◆ **The problem**
Your answer must be the full listing, word for word, with no images in it.

◆ **Given records**
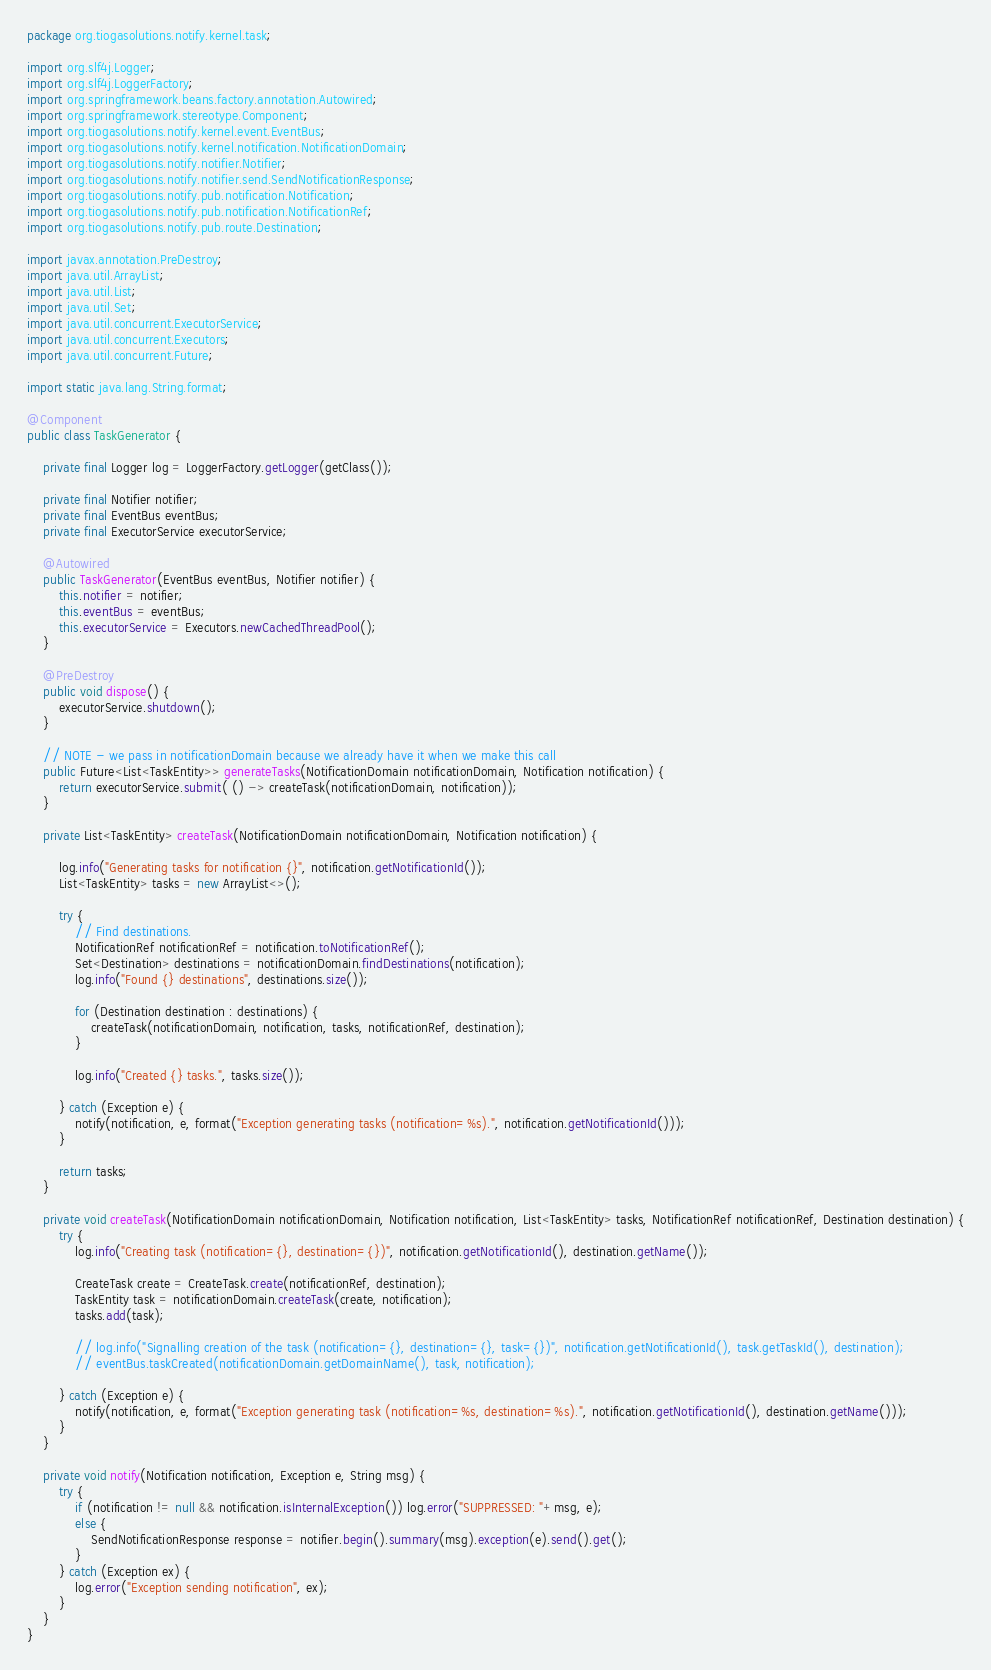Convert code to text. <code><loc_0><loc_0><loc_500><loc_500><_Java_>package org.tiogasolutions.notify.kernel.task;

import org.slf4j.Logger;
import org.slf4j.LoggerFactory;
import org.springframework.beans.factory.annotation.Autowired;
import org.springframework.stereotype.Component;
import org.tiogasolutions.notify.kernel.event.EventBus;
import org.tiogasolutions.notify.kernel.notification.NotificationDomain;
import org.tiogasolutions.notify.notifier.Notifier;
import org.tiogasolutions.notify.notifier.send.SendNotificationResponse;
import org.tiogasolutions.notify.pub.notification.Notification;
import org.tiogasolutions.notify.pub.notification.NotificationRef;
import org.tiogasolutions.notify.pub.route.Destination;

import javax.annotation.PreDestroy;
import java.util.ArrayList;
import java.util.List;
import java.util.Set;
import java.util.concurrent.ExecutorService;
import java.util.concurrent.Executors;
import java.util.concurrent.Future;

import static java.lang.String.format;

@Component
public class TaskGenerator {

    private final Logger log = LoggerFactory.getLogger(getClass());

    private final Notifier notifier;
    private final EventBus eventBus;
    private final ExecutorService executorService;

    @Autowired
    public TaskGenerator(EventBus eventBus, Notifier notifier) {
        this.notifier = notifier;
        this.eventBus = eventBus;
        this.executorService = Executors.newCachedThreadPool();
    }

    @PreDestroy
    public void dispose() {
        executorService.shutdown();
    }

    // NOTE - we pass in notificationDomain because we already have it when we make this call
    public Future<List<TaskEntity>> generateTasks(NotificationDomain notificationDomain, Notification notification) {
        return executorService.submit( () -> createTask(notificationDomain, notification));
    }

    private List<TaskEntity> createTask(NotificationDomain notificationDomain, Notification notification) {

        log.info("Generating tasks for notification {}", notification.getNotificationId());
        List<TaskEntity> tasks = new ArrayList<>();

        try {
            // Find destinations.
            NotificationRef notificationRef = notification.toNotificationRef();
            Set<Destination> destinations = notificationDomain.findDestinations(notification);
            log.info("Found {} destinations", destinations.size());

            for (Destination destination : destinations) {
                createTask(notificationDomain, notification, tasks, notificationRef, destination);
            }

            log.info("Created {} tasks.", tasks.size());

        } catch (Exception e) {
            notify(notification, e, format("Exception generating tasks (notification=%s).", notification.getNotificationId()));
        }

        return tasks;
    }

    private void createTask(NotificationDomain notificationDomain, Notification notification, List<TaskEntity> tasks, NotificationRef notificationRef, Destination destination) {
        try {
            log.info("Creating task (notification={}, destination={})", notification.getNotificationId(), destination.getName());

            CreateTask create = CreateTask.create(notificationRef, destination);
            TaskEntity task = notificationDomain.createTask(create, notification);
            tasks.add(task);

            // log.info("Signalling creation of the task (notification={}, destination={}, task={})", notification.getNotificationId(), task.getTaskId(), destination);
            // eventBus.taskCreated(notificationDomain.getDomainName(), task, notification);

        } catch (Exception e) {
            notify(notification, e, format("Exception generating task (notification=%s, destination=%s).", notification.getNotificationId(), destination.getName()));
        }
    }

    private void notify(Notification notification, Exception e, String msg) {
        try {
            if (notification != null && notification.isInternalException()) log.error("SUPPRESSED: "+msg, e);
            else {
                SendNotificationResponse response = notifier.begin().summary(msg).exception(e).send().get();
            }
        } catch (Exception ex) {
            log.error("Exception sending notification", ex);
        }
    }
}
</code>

◆ **Solution to this exercise**
Convert code to text. <code><loc_0><loc_0><loc_500><loc_500><_Java_>package org.tiogasolutions.notify.kernel.task;

import org.slf4j.Logger;
import org.slf4j.LoggerFactory;
import org.springframework.beans.factory.annotation.Autowired;
import org.springframework.stereotype.Component;
import org.tiogasolutions.notify.kernel.event.EventBus;
import org.tiogasolutions.notify.kernel.notification.NotificationDomain;
import org.tiogasolutions.notify.notifier.Notifier;
import org.tiogasolutions.notify.notifier.send.SendNotificationResponse;
import org.tiogasolutions.notify.pub.notification.Notification;
import org.tiogasolutions.notify.pub.notification.NotificationRef;
import org.tiogasolutions.notify.pub.route.Destination;

import javax.annotation.PreDestroy;
import java.util.ArrayList;
import java.util.List;
import java.util.Set;
import java.util.concurrent.ExecutorService;
import java.util.concurrent.Executors;
import java.util.concurrent.Future;

import static java.lang.String.format;

@Component
public class TaskGenerator {

    private final Logger log = LoggerFactory.getLogger(getClass());

    private final Notifier notifier;
    private final EventBus eventBus;
    private final ExecutorService executorService;

    @Autowired
    public TaskGenerator(EventBus eventBus, Notifier notifier) {
        this.notifier = notifier;
        this.eventBus = eventBus;
        this.executorService = Executors.newCachedThreadPool();
    }

    @PreDestroy
    public void dispose() {
        executorService.shutdown();
    }

    // NOTE - we pass in notificationDomain because we already have it when we make this call
    public Future<List<TaskEntity>> generateTasks(NotificationDomain notificationDomain, Notification notification) {
        return executorService.submit( () -> createTask(notificationDomain, notification));
    }

    private List<TaskEntity> createTask(NotificationDomain notificationDomain, Notification notification) {

        log.info("Generating tasks for notification {}", notification.getNotificationId());
        List<TaskEntity> tasks = new ArrayList<>();

        try {
            // Find destinations.
            NotificationRef notificationRef = notification.toNotificationRef();
            Set<Destination> destinations = notificationDomain.findDestinations(notification);
            log.info("Found {} destinations", destinations.size());

            for (Destination destination : destinations) {
                createTask(notificationDomain, notification, tasks, notificationRef, destination);
            }

            log.info("Created {} tasks.", tasks.size());

        } catch (Exception e) {
            notify(notification, e, format("Exception generating tasks (notification=%s).", notification.getNotificationId()));
        }

        return tasks;
    }

    private void createTask(NotificationDomain notificationDomain, Notification notification, List<TaskEntity> tasks, NotificationRef notificationRef, Destination destination) {
        try {
            log.info("Creating task (notification={}, destination={})", notification.getNotificationId(), destination.getName());

            CreateTask create = CreateTask.create(notificationRef, destination);
            TaskEntity task = notificationDomain.createTask(create, notification);
            tasks.add(task);

            // log.info("Signalling creation of the task (notification={}, destination={}, task={})", notification.getNotificationId(), task.getTaskId(), destination);
            // eventBus.taskCreated(notificationDomain.getDomainName(), task, notification);

        } catch (Exception e) {
            notify(notification, e, format("Exception generating task (notification=%s, destination=%s).", notification.getNotificationId(), destination.getName()));
        }
    }

    private void notify(Notification notification, Exception e, String msg) {
        try {
            if (notification != null && notification.isInternalException()) log.error("SUPPRESSED: "+msg, e);
            else {
                SendNotificationResponse response = notifier.begin().summary(msg).exception(e).send().get();
            }
        } catch (Exception ex) {
            log.error("Exception sending notification", ex);
        }
    }
}
</code>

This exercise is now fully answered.